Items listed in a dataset
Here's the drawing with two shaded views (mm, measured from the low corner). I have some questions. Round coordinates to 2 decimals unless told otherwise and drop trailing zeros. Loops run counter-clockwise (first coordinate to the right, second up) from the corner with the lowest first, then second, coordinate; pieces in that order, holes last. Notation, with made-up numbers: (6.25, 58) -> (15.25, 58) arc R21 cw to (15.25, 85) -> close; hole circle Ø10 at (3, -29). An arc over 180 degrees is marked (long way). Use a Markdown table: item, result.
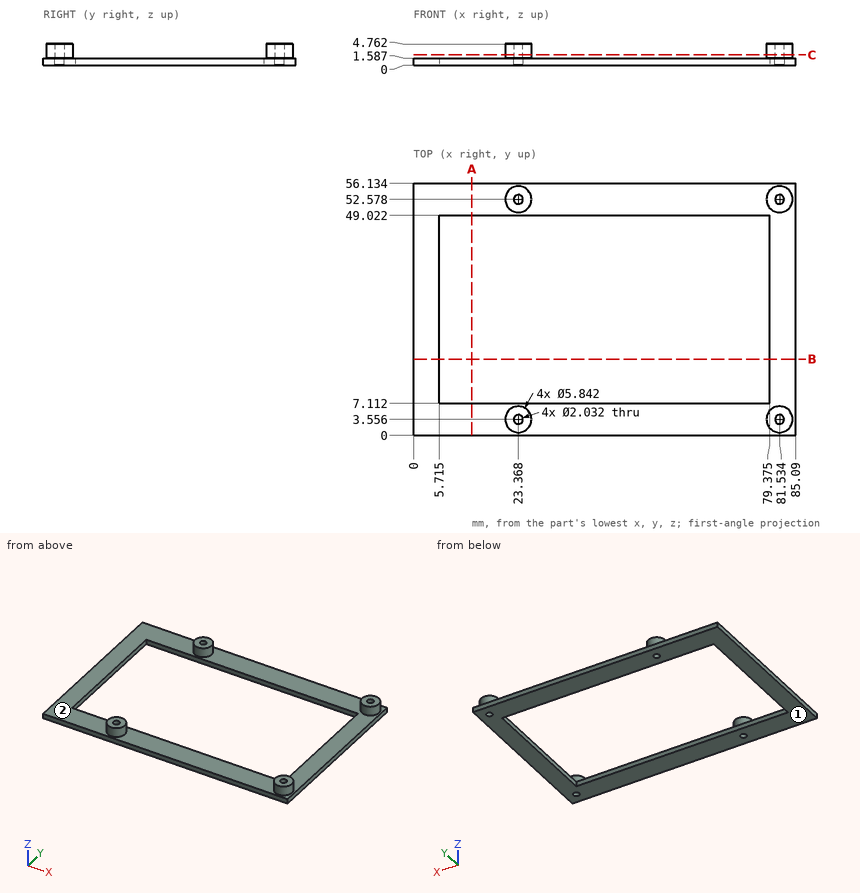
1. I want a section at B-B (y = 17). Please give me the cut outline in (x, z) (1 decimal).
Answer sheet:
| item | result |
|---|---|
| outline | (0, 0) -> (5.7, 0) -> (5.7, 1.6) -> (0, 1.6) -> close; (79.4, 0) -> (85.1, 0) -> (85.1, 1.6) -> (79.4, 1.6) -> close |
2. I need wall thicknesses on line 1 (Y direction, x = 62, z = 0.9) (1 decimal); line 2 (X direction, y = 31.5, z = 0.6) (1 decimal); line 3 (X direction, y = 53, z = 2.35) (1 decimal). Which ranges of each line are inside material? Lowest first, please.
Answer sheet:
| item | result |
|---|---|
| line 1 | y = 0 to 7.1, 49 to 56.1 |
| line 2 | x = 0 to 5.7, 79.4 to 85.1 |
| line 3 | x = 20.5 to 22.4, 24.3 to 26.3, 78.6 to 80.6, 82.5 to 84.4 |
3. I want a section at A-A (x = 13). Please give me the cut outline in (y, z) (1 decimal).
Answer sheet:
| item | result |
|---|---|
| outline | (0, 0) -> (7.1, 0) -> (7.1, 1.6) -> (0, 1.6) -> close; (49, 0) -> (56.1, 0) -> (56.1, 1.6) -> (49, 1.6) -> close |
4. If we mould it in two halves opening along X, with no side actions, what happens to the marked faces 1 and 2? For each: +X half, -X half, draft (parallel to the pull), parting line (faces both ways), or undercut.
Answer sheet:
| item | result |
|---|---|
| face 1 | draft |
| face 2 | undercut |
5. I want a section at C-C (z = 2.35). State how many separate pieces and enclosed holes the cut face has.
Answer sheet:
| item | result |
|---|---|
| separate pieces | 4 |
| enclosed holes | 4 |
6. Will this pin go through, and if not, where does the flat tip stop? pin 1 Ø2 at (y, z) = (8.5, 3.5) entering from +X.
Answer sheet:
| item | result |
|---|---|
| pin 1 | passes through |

Problem to work on =
Show every line in the entries where the string "want" occurs.

Solution to this task =
1. I want a section at B-B (y = 17). Please give me the cut outline in (x, z) (1 decimal).
3. I want a section at A-A (x = 13). Please give me the cut outline in (y, z) (1 decimal).
5. I want a section at C-C (z = 2.35). State how many separate pieces and enclosed holes the cut face has.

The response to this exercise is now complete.